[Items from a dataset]
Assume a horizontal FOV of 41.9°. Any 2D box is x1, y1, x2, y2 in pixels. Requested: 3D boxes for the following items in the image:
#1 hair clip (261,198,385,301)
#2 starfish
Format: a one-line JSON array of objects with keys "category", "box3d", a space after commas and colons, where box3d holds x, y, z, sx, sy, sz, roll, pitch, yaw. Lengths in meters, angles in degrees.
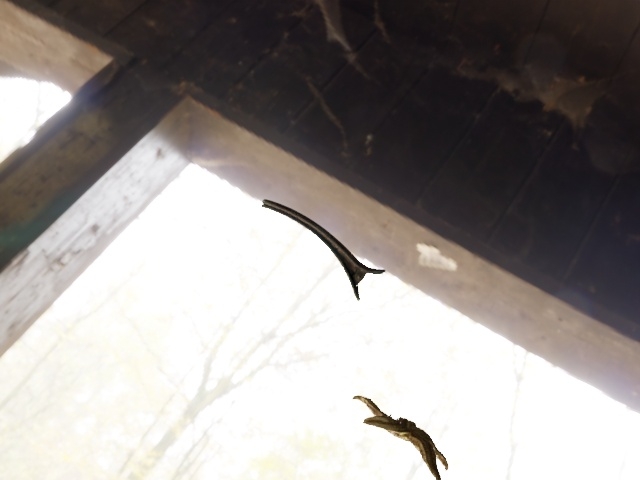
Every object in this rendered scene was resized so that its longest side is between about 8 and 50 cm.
[{"category": "hair clip", "box3d": [0.000, 0.000, 1.643, 0.275, 0.083, 0.048, 42, 10, 4]}, {"category": "starfish", "box3d": [0.181, 0.414, 1.777, 0.277, 0.062, 0.236, 36, 2, 36]}]
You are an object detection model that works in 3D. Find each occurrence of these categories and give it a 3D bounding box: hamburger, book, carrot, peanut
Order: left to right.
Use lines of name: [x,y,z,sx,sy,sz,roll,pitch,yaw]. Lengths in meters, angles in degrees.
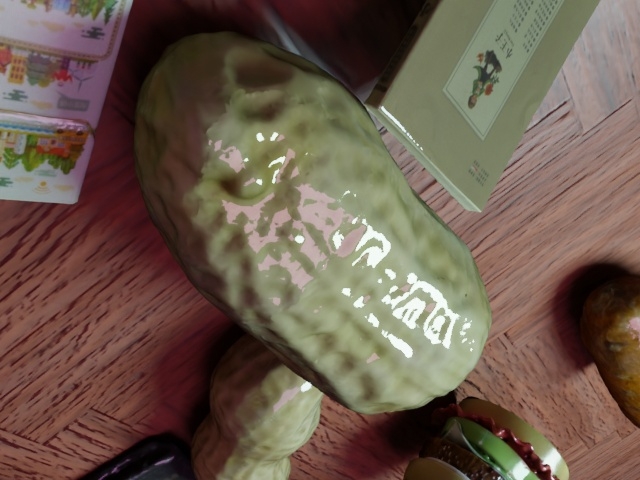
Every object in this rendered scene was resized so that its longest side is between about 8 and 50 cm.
peanut: [-0.054,0.160,0.651,0.104,0.085,0.228,-4,134,-33]
peanut: [0.000,0.000,0.478,0.152,0.152,0.313,-39,132,8]
hamburger: [0.164,0.261,0.812,0.137,0.175,0.175,-43,143,-22]
book: [0.113,-0.129,0.463,0.138,0.016,0.198,35,84,-48]
carrot: [0.354,0.105,0.822,0.159,0.159,0.225,-42,125,12]

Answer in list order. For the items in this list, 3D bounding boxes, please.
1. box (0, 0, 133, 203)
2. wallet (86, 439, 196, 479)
box: [-0.151,-0.115,0.359,0.122,0.032,0.220,3,128,-34]
wallet: [-0.151,0.309,0.772,0.170,0.044,0.321,-31,136,-3]
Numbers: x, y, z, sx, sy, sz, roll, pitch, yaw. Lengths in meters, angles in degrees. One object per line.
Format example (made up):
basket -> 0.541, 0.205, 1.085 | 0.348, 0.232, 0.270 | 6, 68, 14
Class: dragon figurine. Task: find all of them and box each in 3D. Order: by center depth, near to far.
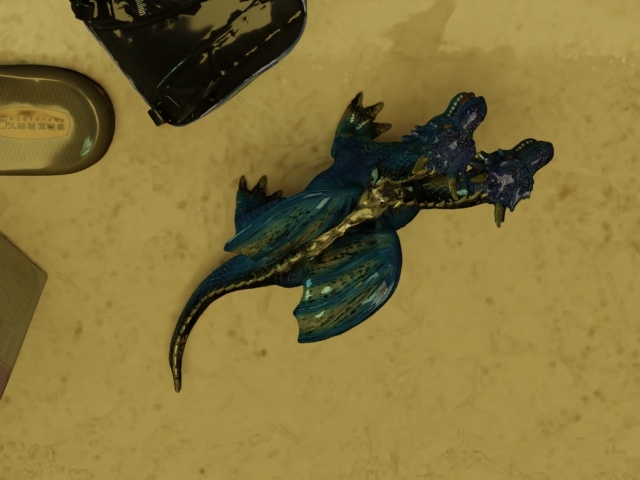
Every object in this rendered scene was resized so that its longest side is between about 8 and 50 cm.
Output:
dragon figurine -> 0.000, 0.000, 1.114 | 0.289, 0.144, 0.085 | -35, 106, 12

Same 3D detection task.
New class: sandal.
sandal -> -0.234, -0.062, 1.134 | 0.219, 0.060, 0.090 | 1, 110, -1

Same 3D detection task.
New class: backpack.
backpack -> -0.067, -0.138, 1.094 | 0.114, 0.084, 0.105 | -32, 108, 16

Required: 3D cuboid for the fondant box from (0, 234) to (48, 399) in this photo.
fondant box -> -0.313, 0.147, 1.117 | 0.096, 0.238, 0.330 | 40, 105, -13
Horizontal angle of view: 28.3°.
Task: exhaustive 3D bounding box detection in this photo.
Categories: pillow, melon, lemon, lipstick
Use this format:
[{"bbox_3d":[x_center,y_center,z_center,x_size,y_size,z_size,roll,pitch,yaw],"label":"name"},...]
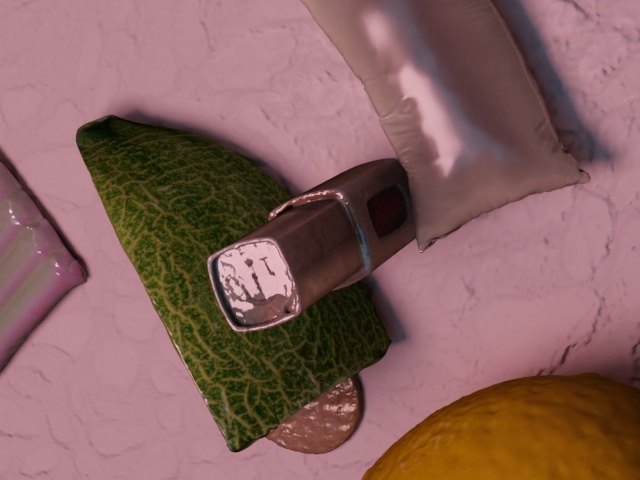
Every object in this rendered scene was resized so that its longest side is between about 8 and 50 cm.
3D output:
[{"bbox_3d":[0.085,-0.125,0.982,0.144,0.078,0.254,-28,89,14],"label":"pillow"},{"bbox_3d":[-0.099,0.008,1.065,0.323,0.196,0.124,54,138,10],"label":"melon"},{"bbox_3d":[0.166,0.256,0.945,0.336,0.336,0.336,7,108,21],"label":"lemon"},{"bbox_3d":[0.000,0.000,0.965,0.077,0.253,0.079,-17,96,26],"label":"lipstick"}]

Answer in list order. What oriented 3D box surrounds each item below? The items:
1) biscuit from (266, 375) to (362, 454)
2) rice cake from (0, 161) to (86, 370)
[{"bbox_3d":[-0.018,0.138,1.145,0.120,0.015,0.120,6,107,21],"label":"biscuit"},{"bbox_3d":[-0.335,0.028,1.235,0.198,0.037,0.189,-39,91,26],"label":"rice cake"}]
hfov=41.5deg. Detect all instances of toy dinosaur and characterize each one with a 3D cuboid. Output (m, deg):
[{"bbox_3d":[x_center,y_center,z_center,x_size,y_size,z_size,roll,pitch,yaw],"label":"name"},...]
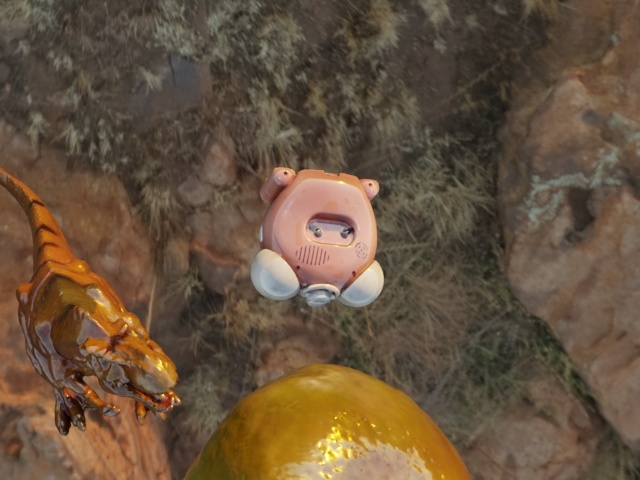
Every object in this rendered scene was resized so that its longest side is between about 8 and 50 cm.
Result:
[{"bbox_3d":[-0.217,0.067,0.727,0.097,0.432,0.208,-29,126,-24],"label":"toy dinosaur"}]

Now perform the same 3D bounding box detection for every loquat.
[{"bbox_3d":[0.001,0.263,0.750,0.276,0.283,0.276,-29,163,-10],"label":"loquat"}]

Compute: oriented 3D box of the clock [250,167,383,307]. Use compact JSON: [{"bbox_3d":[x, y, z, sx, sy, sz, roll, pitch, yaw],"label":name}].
[{"bbox_3d":[0.000,0.000,1.027,0.166,0.093,0.162,6,73,-18],"label":"clock"}]
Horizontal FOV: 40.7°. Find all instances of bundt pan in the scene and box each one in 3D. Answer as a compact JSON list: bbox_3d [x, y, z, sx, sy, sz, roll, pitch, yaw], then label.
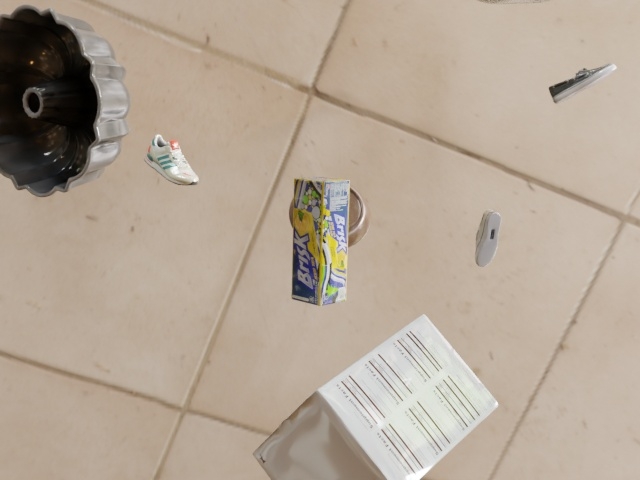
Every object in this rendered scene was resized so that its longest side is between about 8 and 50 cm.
[{"bbox_3d":[-0.461,-0.247,1.527,0.331,0.124,0.330,8,104,32],"label":"bundt pan"}]

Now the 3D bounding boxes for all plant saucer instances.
[{"bbox_3d":[0.021,-0.058,1.742,0.169,0.168,0.029,0,151,-7],"label":"plant saucer"}]

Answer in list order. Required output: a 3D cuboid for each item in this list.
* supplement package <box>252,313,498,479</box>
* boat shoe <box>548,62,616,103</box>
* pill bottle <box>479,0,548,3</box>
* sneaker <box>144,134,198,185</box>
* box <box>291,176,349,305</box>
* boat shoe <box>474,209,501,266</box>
[{"bbox_3d":[0.066,0.231,1.051,0.149,0.203,0.194,51,137,12],"label":"supplement package"},{"bbox_3d":[0.541,-0.333,1.783,0.142,0.049,0.040,-29,82,9],"label":"boat shoe"},{"bbox_3d":[0.185,-0.278,0.838,0.094,0.169,0.094,11,110,34],"label":"pill bottle"},{"bbox_3d":[-0.333,-0.183,1.946,0.057,0.161,0.075,-10,127,-51],"label":"sneaker"},{"bbox_3d":[0.000,0.000,1.166,0.054,0.059,0.168,-7,102,-45],"label":"box"},{"bbox_3d":[0.282,-0.005,1.476,0.035,0.035,0.100,2,108,-19],"label":"boat shoe"}]
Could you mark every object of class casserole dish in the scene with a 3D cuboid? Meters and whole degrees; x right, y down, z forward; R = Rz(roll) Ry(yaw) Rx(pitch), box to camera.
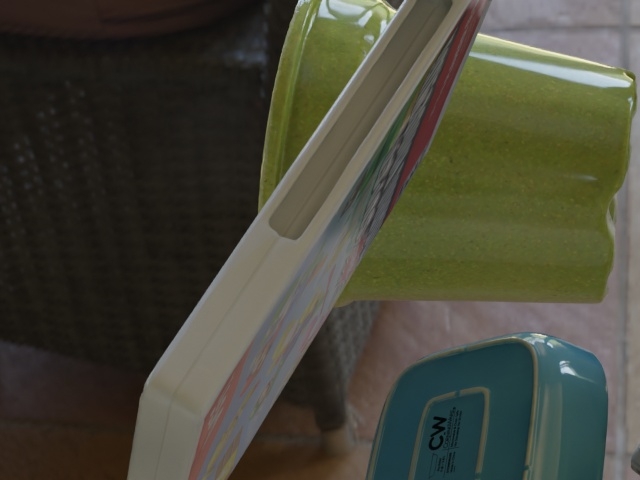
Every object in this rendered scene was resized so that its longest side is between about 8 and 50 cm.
[{"bbox_3d":[0.062,0.111,0.620,0.114,0.037,0.188,-18,42,36],"label":"casserole dish"}]

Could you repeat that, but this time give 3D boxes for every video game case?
[{"bbox_3d":[0.000,0.000,0.627,0.025,0.204,0.285,29,59,6],"label":"video game case"}]

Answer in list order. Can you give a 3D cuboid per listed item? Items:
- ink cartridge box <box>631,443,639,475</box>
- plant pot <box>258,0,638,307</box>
[{"bbox_3d":[0.287,0.019,0.598,0.186,0.065,0.311,38,103,42],"label":"ink cartridge box"},{"bbox_3d":[0.108,-0.056,1.129,0.254,0.276,0.276,9,46,9],"label":"plant pot"}]
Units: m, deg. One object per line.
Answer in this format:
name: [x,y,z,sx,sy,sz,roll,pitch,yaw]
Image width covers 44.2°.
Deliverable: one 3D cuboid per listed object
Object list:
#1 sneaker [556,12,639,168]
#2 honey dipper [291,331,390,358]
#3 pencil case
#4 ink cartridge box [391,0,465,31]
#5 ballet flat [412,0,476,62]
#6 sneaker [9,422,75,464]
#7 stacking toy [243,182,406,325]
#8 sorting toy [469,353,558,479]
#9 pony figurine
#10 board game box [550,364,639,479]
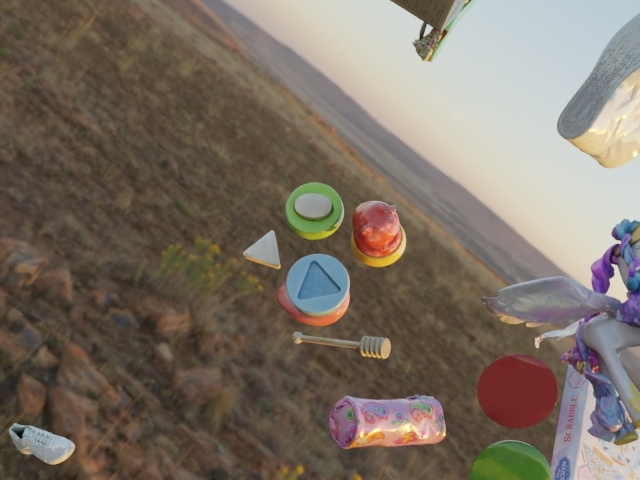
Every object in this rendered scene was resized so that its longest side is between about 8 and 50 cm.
sneaker: [0.556,-0.263,1.371,0.169,0.293,0.108,28,18,-36]
honey dipper: [0.027,0.151,1.169,0.160,0.031,0.030,3,-15,33]
pencil case: [0.162,0.424,1.856,0.284,0.124,0.124,6,27,-32]
ink cartridge box: [0.185,-0.508,1.341,0.193,0.088,0.235,36,-37,8]
ballet flat: [0.294,-0.532,1.913,0.077,0.241,0.091,44,48,6]
sneaker: [-0.547,0.393,1.533,0.152,0.054,0.061,4,-43,25]
stacking toy: [0.000,0.000,1.661,0.279,0.309,0.130,37,-15,18]
sorting toy: [0.305,0.338,1.286,0.126,0.366,0.126,2,14,6]
pony figurine: [0.511,0.159,1.390,0.302,0.350,0.364,24,45,-49]
board game box: [0.658,0.497,1.831,0.318,0.318,0.065,37,-31,-31]

_TASK OBJECTIVE_
Begin with the first line of the records and repeat every line up to the one with "basket -> 0.541, 0.205, 1.085", counting that line too. Pictures are not part of the copy.

_TASK RESULT_
Assume a horizontal FOV of 41.9°. Any 2D box is x1, y1, x2, y2 in pixels. Requested: 3D boxes for the following items in the image:
#1 hair clip (261,198,385,301)
#2 starfish
Format: a one-line JSON array of objects with keys "category", "box3d", a space after commas and colons, where box3d holds x, y, z, sx, sy, sz, roll, pitch, yaw. Lengths in meters, angles in degrees.
Every object in this rendered scene was resized so that its longest side is between about 8 and 50 cm.
[{"category": "hair clip", "box3d": [0.000, 0.000, 1.643, 0.275, 0.083, 0.048, 42, 10, 4]}, {"category": "starfish", "box3d": [0.181, 0.414, 1.777, 0.277, 0.062, 0.236, 36, 2, 36]}]
You are an object detection model that works in 3D. Find each occurrence of these categories and give it a 3D bounding box: hamburger, book, carrot, peanut
Order: left to right.
Use lines of name: [x,y,z,sx,sy,sz,roll,pitch,yaw]. Lengths in meters, angles in degrees.
Every object in this rendered scene was resized so that its longest side is between about 8 and 50 cm.
peanut: [-0.054,0.160,0.651,0.104,0.085,0.228,-4,134,-33]
peanut: [0.000,0.000,0.478,0.152,0.152,0.313,-39,132,8]
hamburger: [0.164,0.261,0.812,0.137,0.175,0.175,-43,143,-22]
book: [0.113,-0.129,0.463,0.138,0.016,0.198,35,84,-48]
carrot: [0.354,0.105,0.822,0.159,0.159,0.225,-42,125,12]

Answer in list order. For the items in this list, 3D bounding boxes, please.
1. box (0, 0, 133, 203)
2. wallet (86, 439, 196, 479)
box: [-0.151,-0.115,0.359,0.122,0.032,0.220,3,128,-34]
wallet: [-0.151,0.309,0.772,0.170,0.044,0.321,-31,136,-3]
Numbers: x, y, z, sx, sy, sz, roll, pitch, yaw. Lengths in meters, angles in degrees. One object per line.
Format example (made up):
basket -> 0.541, 0.205, 1.085 | 0.348, 0.232, 0.270 | 6, 68, 14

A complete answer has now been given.